• _PROBLEM_
Two lines mark the range in the entries below: the one holding "blk = doc.blocks.new('*X6')" and the one holding "layer by layer". Set down those two and all lines between them, exactly.

• _GIVEN RECORDS_

☆ ☆ ☆ ☆ ☆ ☆ ☆

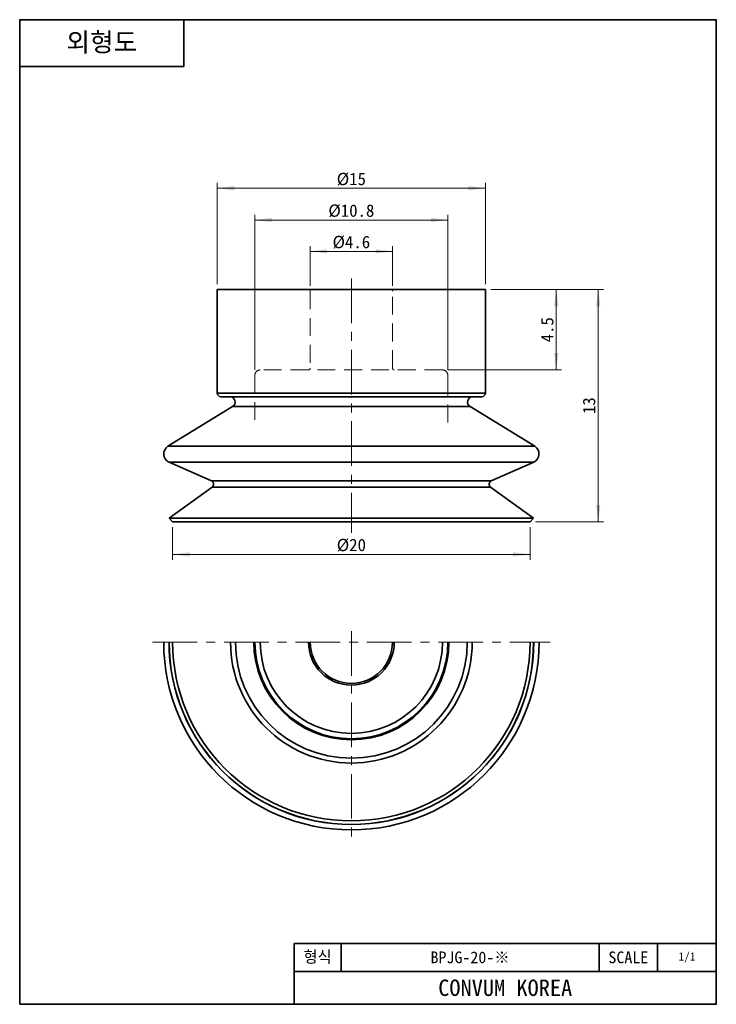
# Model space of a CAD drawing. Header units: millimetres. Extents: x 0 to 39, y 0 to 55.1.
import ezdxf

# ---------------------------------------------------------------- set-up
doc = ezdxf.new("R2010")
doc.units = ezdxf.units.MM
doc.linetypes.add('CENTERX2', pattern=[4, 2.5, -0.5, 0.5, -0.5])
doc.linetypes.add('HIDDENX2', pattern=[1.5, 1, -0.5])
doc.layers.get('0').update_dxf_attribs({"lineweight": 0})
for name, color, linetype, lineweight in [('Dimension Layer', 3, 'Continuous', 18), ('외형선', 7, 'Continuous', 35), ('점선2', 3, 'HIDDENX2', 15), ('중심선2', 1, 'CENTERX2', 15)]:
    doc.layers.add(name, color=color, linetype=linetype, lineweight=lineweight)
doc.dimstyles.new('ISO-25', dxfattribs={"dimscale": 0.3, "dimtxt": 2.3, "dimasz": 3.15, "dimexe": 1, "dimexo": 1, "dimgap": 0.5, "dimtad": 1, "dimdsep": 46, "dimtxsty": 'Standard', "dimblk": '_CAXARROW', "dimcen": 2.5, "dimdle": 6.3, "dimclrd": 1, "dimclre": 1, "dimclrt": 2, "dimadec": 3, "dimazin": 2, "dimtfac": 0.8, "dimtdec": 8, "dimtmove": 0, "dimatfit": 3, "dimfxl": 0, "dimarcsym": 0})

# ---------------------------------------------------------------- blocks, each defined once
blk = doc.blocks.new('*X3')
at = {"layer": 'Dimension Layer', "linetype": 'Continuous'}
for points in [[(8.559, 25.191), (9.504, 25.309), (9.504, 25.073)], [(28.559, 25.191), (27.614, 25.309), (27.614, 25.073)]]:
    blk.add_hatch(color=1, dxfattribs=at).paths.add_polyline_path(points, flags=0)
at = {"layer": 'Dimension Layer', "color": 1, "linetype": 'Continuous'}
for p, q in [((8.559, 26.717), (8.559, 24.891)), ((28.559, 26.717), (28.559, 24.891)), ((8.559, 25.191), (28.559, 25.191))]:
    blk.add_line(p, q, dxfattribs=at)
at = {"layer": 'Dimension Layer', "color": 2, "insert": (18.559, 25.701), "char_height": 0.69, "width": 2.90762, "attachment_point": 5}
blk.add_mtext('%%C20', dxfattribs=at)
blk = doc.blocks.new('_CAXARROW')
blk.add_hatch(color=0).paths.add_polyline_path([(0, 0), (-1, 0.125), (-1, -0.125)], flags=0)
blk = doc.blocks.new('*X4')
at = {"layer": 'Dimension Layer', "linetype": 'Continuous'}
for points in [[(32.374, 40.017), (32.492, 39.072), (32.255, 39.072)], [(32.374, 27.017), (32.492, 27.962), (32.255, 27.962)]]:
    blk.add_hatch(color=1, dxfattribs=at).paths.add_polyline_path(points, flags=0)
at = {"layer": 'Dimension Layer', "color": 1, "linetype": 'Continuous'}
for p, q in [((26.359, 40.017), (32.674, 40.017)), ((32.374, 40.017), (32.374, 27.017)), ((28.859, 27.017), (32.674, 27.017))]:
    blk.add_line(p, q, dxfattribs=at)
at = {"layer": 'Dimension Layer', "color": 2, "insert": (31.864, 33.517), "char_height": 0.69, "width": 1.75464, "attachment_point": 5, "rotation": 90}
blk.add_mtext('13', dxfattribs=at)
blk = doc.blocks.new('*X5')
at = {"layer": 'Dimension Layer', "linetype": 'Continuous'}
for points in [[(30.028, 40.017), (29.91, 39.072), (30.147, 39.072)], [(30.028, 35.517), (29.91, 36.462), (30.147, 36.462)]]:
    blk.add_hatch(color=1, dxfattribs=at).paths.add_polyline_path(points, flags=0)
at = {"layer": 'Dimension Layer', "color": 1, "linetype": 'Continuous'}
for p, q in [((26.359, 40.017), (30.328, 40.017)), ((30.028, 35.517), (30.028, 40.017)), ((23.959, 35.517), (30.328, 35.517))]:
    blk.add_line(p, q, dxfattribs=at)
at = {"layer": 'Dimension Layer', "color": 2, "insert": (29.526, 37.767), "char_height": 0.69, "width": 2.51062, "attachment_point": 5, "rotation": 90}
blk.add_mtext('4.5', dxfattribs=at)
blk = doc.blocks.new('*X6')
at = {"layer": 'Dimension Layer', "linetype": 'Continuous'}
for points in [[(16.259, 42.154), (17.204, 42.272), (17.204, 42.036)], [(20.859, 42.154), (19.914, 42.272), (19.914, 42.036)]]:
    blk.add_hatch(color=1, dxfattribs=at).paths.add_polyline_path(points, flags=0)
at = {"layer": 'Dimension Layer', "color": 1, "linetype": 'Continuous'}
for p, q in [((16.259, 40.217), (16.259, 42.454)), ((20.859, 40.217), (20.859, 42.454)), ((16.259, 42.154), (20.859, 42.154))]:
    blk.add_line(p, q, dxfattribs=at)
at = {"layer": 'Dimension Layer', "color": 2, "insert": (18.559, 42.663), "char_height": 0.69, "width": 3.49585, "attachment_point": 5}
blk.add_mtext('%%C4.6', dxfattribs=at)
blk = doc.blocks.new('*X7')
at = {"layer": 'Dimension Layer', "linetype": 'Continuous'}
for points in [[(13.159, 43.909), (14.104, 44.027), (14.104, 43.791)], [(23.959, 43.909), (23.014, 44.027), (23.014, 43.791)]]:
    blk.add_hatch(color=1, dxfattribs=at).paths.add_polyline_path(points, flags=0)
at = {"layer": 'Dimension Layer', "color": 1, "linetype": 'Continuous'}
for p, q in [((13.159, 35.517), (13.159, 44.209)), ((23.959, 35.517), (23.959, 44.209)), ((13.159, 43.909), (23.959, 43.909))]:
    blk.add_line(p, q, dxfattribs=at)
at = {"layer": 'Dimension Layer', "color": 2, "insert": (18.559, 44.42), "char_height": 0.69, "width": 4.52582, "attachment_point": 5}
blk.add_mtext('%%C10.8', dxfattribs=at)
blk = doc.blocks.new('*X8')
at = {"layer": 'Dimension Layer', "linetype": 'Continuous'}
for points in [[(11.059, 45.689), (12.004, 45.807), (12.004, 45.571)], [(26.059, 45.689), (25.114, 45.807), (25.114, 45.571)]]:
    blk.add_hatch(color=1, dxfattribs=at).paths.add_polyline_path(points, flags=0)
at = {"layer": 'Dimension Layer', "color": 1, "linetype": 'Continuous'}
for p, q in [((11.059, 40.317), (11.059, 45.989)), ((26.059, 40.317), (26.059, 45.989)), ((11.059, 45.689), (26.059, 45.689))]:
    blk.add_line(p, q, dxfattribs=at)
at = {"layer": 'Dimension Layer', "color": 2, "insert": (18.559, 46.193), "char_height": 0.69, "width": 2.88525, "attachment_point": 5}
blk.add_mtext('%%C15', dxfattribs=at)

msp = doc.modelspace()

# ---------------------------------------------------------------- linework, layer by layer
at = {"layer": '외형선'}
for p, q in [((9.188, 55.125), (9.188, 52.5)), ((0, 52.5), (9.188, 52.5)), ((11.059, 40.017), (11.059, 34.217)), ((26.059, 40.017), (11.059, 40.017)), ((26.059, 34.217), (26.059, 40.017)), ((11.059, 34.217), (26.059, 34.217)), ((25.859, 34.017), (11.259, 34.017)), ((11.916, 33.461), (8.297, 31.244)), ((25.202, 33.461), (11.916, 33.461)), ((28.821, 31.244), (25.202, 33.461)), ((8.297, 31.244), (18.559, 31.244)), ((18.559, 31.244), (28.821, 31.244)), ((8.355, 30.361), (10.73, 29.303)), ((28.763, 30.361), (8.355, 30.361)), ((26.388, 29.303), (28.763, 30.361)), ((10.73, 29.303), (18.559, 29.303)), ((18.559, 29.303), (26.388, 29.303)), ((10.767, 28.959), (8.364, 27.213)), ((26.351, 28.959), (10.767, 28.959)), ((28.754, 27.213), (26.351, 28.959)), ((8.364, 27.213), (8.559, 27.017)), ((28.754, 27.213), (8.364, 27.213)), ((28.559, 27.017), (8.559, 27.017)), ((28.559, 27.017), (28.754, 27.213)), ((15.356, 0), (15.356, 3.412)), ((38.981, 3.412), (15.356, 3.412)), ((17.981, 1.837), (17.981, 3.412)), ((32.419, 1.837), (32.419, 3.412)), ((35.7, 1.837), (35.7, 3.412)), ((38.981, 1.837), (15.356, 1.837))]:
    msp.add_line(p, q, dxfattribs=at)
msp.add_lwpolyline([(0, 0), (0, 55.125), (38.981, 55.125), (38.981, 0)], close=True, dxfattribs=at)
for centre, radius, start, end in [((11.259, 34.217), 0.2, 180, 270), ((25.859, 34.217), 0.2, 270, 360), ((11.759, 33.717), 0.3, 301.5, 90), ((25.359, 33.717), 0.3, 90, 238.5), ((8.558, 30.817), 0.5, 121.5, 246), ((28.56, 30.817), 0.5, 294, 58.5), ((10.649, 29.12), 0.2, 306, 66), ((26.469, 29.12), 0.2, 114, 234), ((18.559, 20.269), 10.501, 180, 0), ((18.559, 20.269), 10.204, 180, 0), ((18.559, 20.269), 10.195, 180, 0), ((18.559, 20.269), 10, 180, 0), ((18.559, 20.269), 6.761, 180, 0), ((18.559, 20.269), 6.488, 180, 0), ((18.559, 20.269), 5.459, 180, 0), ((18.559, 20.269), 5.4, 180, 0), ((18.559, 20.269), 5.1, 180, 0), ((18.559, 20.269), 2.4, 180, 0), ((18.559, 20.269), 2.3, 180, 0)]:
    msp.add_arc(centre, radius, start, end, dxfattribs=at)
at = {"layer": '점선2'}
for p, q in [((16.259, 39.917), (16.259, 35.617)), ((20.859, 35.617), (20.859, 39.917)), ((23.659, 35.517), (13.459, 35.517)), ((13.159, 35.217), (13.159, 32.582)), ((23.959, 34.901), (23.959, 35.217)), ((23.959, 32.582), (23.959, 34.901))]:
    msp.add_line(p, q, dxfattribs=at)
for centre, radius, start, end in [((16.159, 39.917), 0.1, 0, 90), ((20.959, 39.917), 0.1, 90, 180), ((13.459, 35.217), 0.3, 90, 180), ((16.159, 35.617), 0.1, 270, 0), ((20.959, 35.617), 0.1, 180, 270), ((23.659, 35.217), 0.3, 0, 90)]:
    msp.add_arc(centre, radius, start, end, dxfattribs=at)
at = {"layer": '중심선2'}
for p, q in [((18.559, 40.642), (18.559, 26.392)), ((18.559, 20.894), (18.559, 9.143)), ((7.433, 20.269), (29.685, 20.269))]:
    msp.add_line(p, q, dxfattribs=at)

# ---------------------------------------------------------------- texts
at = {"layer": '외형선', "attachment_point": 5}
for s, insert, char_height, width in [('{\\ftahoma|b1|i0|c0|p34;외형도}', (4.594, 53.813), 1.05, 9.1875), ('형식', (16.669, 2.625), 0.6562, 2.625), ('BPJG-20-※', (25.2, 2.625), 0.6562, 14.4375), ('SCALE', (34.059, 2.625), 0.6562, 3.28125), ('1/1', (37.341, 2.625), 0.4594, 3.28125)]:
    msp.add_mtext(s, dxfattribs=dict(at, insert=insert, char_height=char_height, width=width))
at = {"layer": '외형선', "color": 1, "insert": (27.169, 0.919), "char_height": 0.91875, "width": 23.625, "attachment_point": 5}
msp.add_mtext('CONVUM KOREA', dxfattribs=at)

# ---------------------------------------------------------------- dimensions: what is measured, and where the dimension line sits
at = {"layer": 'Dimension Layer'}
for base, p1, p2, angle, override, picture, middle in [((26.059, 45.689), (11.059, 40.017), (26.059, 40.017), 0, {"dimscale": 0.3, "dimpost": '%%C<>', "dimsah": 1, "dimtfac": 1, "dimtfill": 1, "dimtolj": 1, "dimtzin": 8}, '*X8', (18.559, 46.193)), ((20.859, 42.154), (16.259, 39.917), (20.859, 39.917), 0, {"dimscale": 0.3, "dimpost": '%%C<>', "dimsah": 1, "dimtfac": 1, "dimtfill": 1, "dimtolj": 1, "dimtzin": 8}, '*X6', (18.559, 42.663)), ((30.028, 40.017), (23.659, 35.517), (26.059, 40.017), 90, {"dimscale": 0.3, "dimsah": 1, "dimtfill": 1, "dimtolj": 1, "dimtzin": 8}, '*X5', (29.526, 37.767)), ((32.374, 27.017), (26.059, 40.017), (28.559, 27.017), 270, {"dimscale": 0.3, "dimsah": 1, "dimtfill": 1, "dimtolj": 1, "dimtzin": 8}, '*X4', (31.864, 33.517))]:
    dim = msp.add_linear_dim(base=base, p1=p1, p2=p2, angle=angle, dimstyle='ISO-25', override=override, dxfattribs=at)
    dim.commit()
    dim.dimension.update_dxf_attribs({"geometry": picture, "text_midpoint": middle})
for base, p1, p2, picture, middle in [((23.959, 43.909), (13.159, 35.217), (23.959, 35.217), '*X7', (18.559, 44.42)), ((28.559, 25.191), (8.559, 27.017), (28.559, 27.017), '*X3', (18.559, 25.701))]:
    dim = msp.add_linear_dim(base=base, p1=p1, p2=p2, dimstyle='ISO-25', override={"dimscale": 0.3, "dimpost": '%%C<>', "dimsah": 1, "dimtfac": 1, "dimtfill": 1, "dimtolj": 1, "dimtzin": 8}, dxfattribs=at)
    dim.commit()
    dim.dimension.update_dxf_attribs({"geometry": picture, "text_midpoint": middle})

doc.saveas('drawing.dxf')

☆ ☆ ☆ ☆ ☆ ☆ ☆

• _ANSWER FOR THIS EXERCISE_
blk = doc.blocks.new('*X6')
at = {"layer": 'Dimension Layer', "linetype": 'Continuous'}
for points in [[(16.259, 42.154), (17.204, 42.272), (17.204, 42.036)], [(20.859, 42.154), (19.914, 42.272), (19.914, 42.036)]]:
    blk.add_hatch(color=1, dxfattribs=at).paths.add_polyline_path(points, flags=0)
at = {"layer": 'Dimension Layer', "color": 1, "linetype": 'Continuous'}
for p, q in [((16.259, 40.217), (16.259, 42.454)), ((20.859, 40.217), (20.859, 42.454)), ((16.259, 42.154), (20.859, 42.154))]:
    blk.add_line(p, q, dxfattribs=at)
at = {"layer": 'Dimension Layer', "color": 2, "insert": (18.559, 42.663), "char_height": 0.69, "width": 3.49585, "attachment_point": 5}
blk.add_mtext('%%C4.6', dxfattribs=at)
blk = doc.blocks.new('*X7')
at = {"layer": 'Dimension Layer', "linetype": 'Continuous'}
for points in [[(13.159, 43.909), (14.104, 44.027), (14.104, 43.791)], [(23.959, 43.909), (23.014, 44.027), (23.014, 43.791)]]:
    blk.add_hatch(color=1, dxfattribs=at).paths.add_polyline_path(points, flags=0)
at = {"layer": 'Dimension Layer', "color": 1, "linetype": 'Continuous'}
for p, q in [((13.159, 35.517), (13.159, 44.209)), ((23.959, 35.517), (23.959, 44.209)), ((13.159, 43.909), (23.959, 43.909))]:
    blk.add_line(p, q, dxfattribs=at)
at = {"layer": 'Dimension Layer', "color": 2, "insert": (18.559, 44.42), "char_height": 0.69, "width": 4.52582, "attachment_point": 5}
blk.add_mtext('%%C10.8', dxfattribs=at)
blk = doc.blocks.new('*X8')
at = {"layer": 'Dimension Layer', "linetype": 'Continuous'}
for points in [[(11.059, 45.689), (12.004, 45.807), (12.004, 45.571)], [(26.059, 45.689), (25.114, 45.807), (25.114, 45.571)]]:
    blk.add_hatch(color=1, dxfattribs=at).paths.add_polyline_path(points, flags=0)
at = {"layer": 'Dimension Layer', "color": 1, "linetype": 'Continuous'}
for p, q in [((11.059, 40.317), (11.059, 45.989)), ((26.059, 40.317), (26.059, 45.989)), ((11.059, 45.689), (26.059, 45.689))]:
    blk.add_line(p, q, dxfattribs=at)
at = {"layer": 'Dimension Layer', "color": 2, "insert": (18.559, 46.193), "char_height": 0.69, "width": 2.88525, "attachment_point": 5}
blk.add_mtext('%%C15', dxfattribs=at)

msp = doc.modelspace()

# ---------------------------------------------------------------- linework, layer by layer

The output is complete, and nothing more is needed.